Start of Information supplied

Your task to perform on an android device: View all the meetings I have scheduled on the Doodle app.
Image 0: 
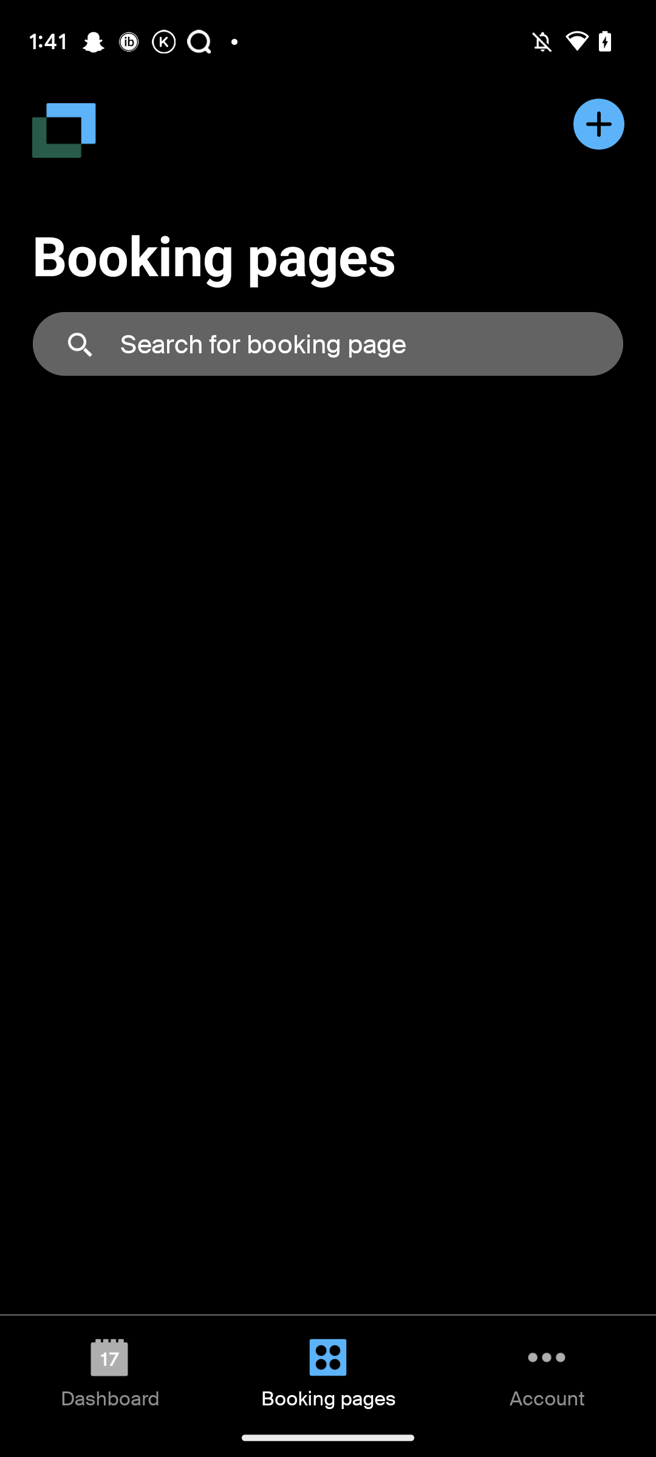
Click on the Dashboard tab at the bottom left corner of the screen.
Step 0: click (77, 1379)

End of Information supplied

**Task statement**. Each line from the one containing "Click on the" through the last line of the material must be restated word for word, with no other text.

**Exercise output**.
Click on the Dashboard tab at the bottom left corner of the screen.
Step 0: click (77, 1379)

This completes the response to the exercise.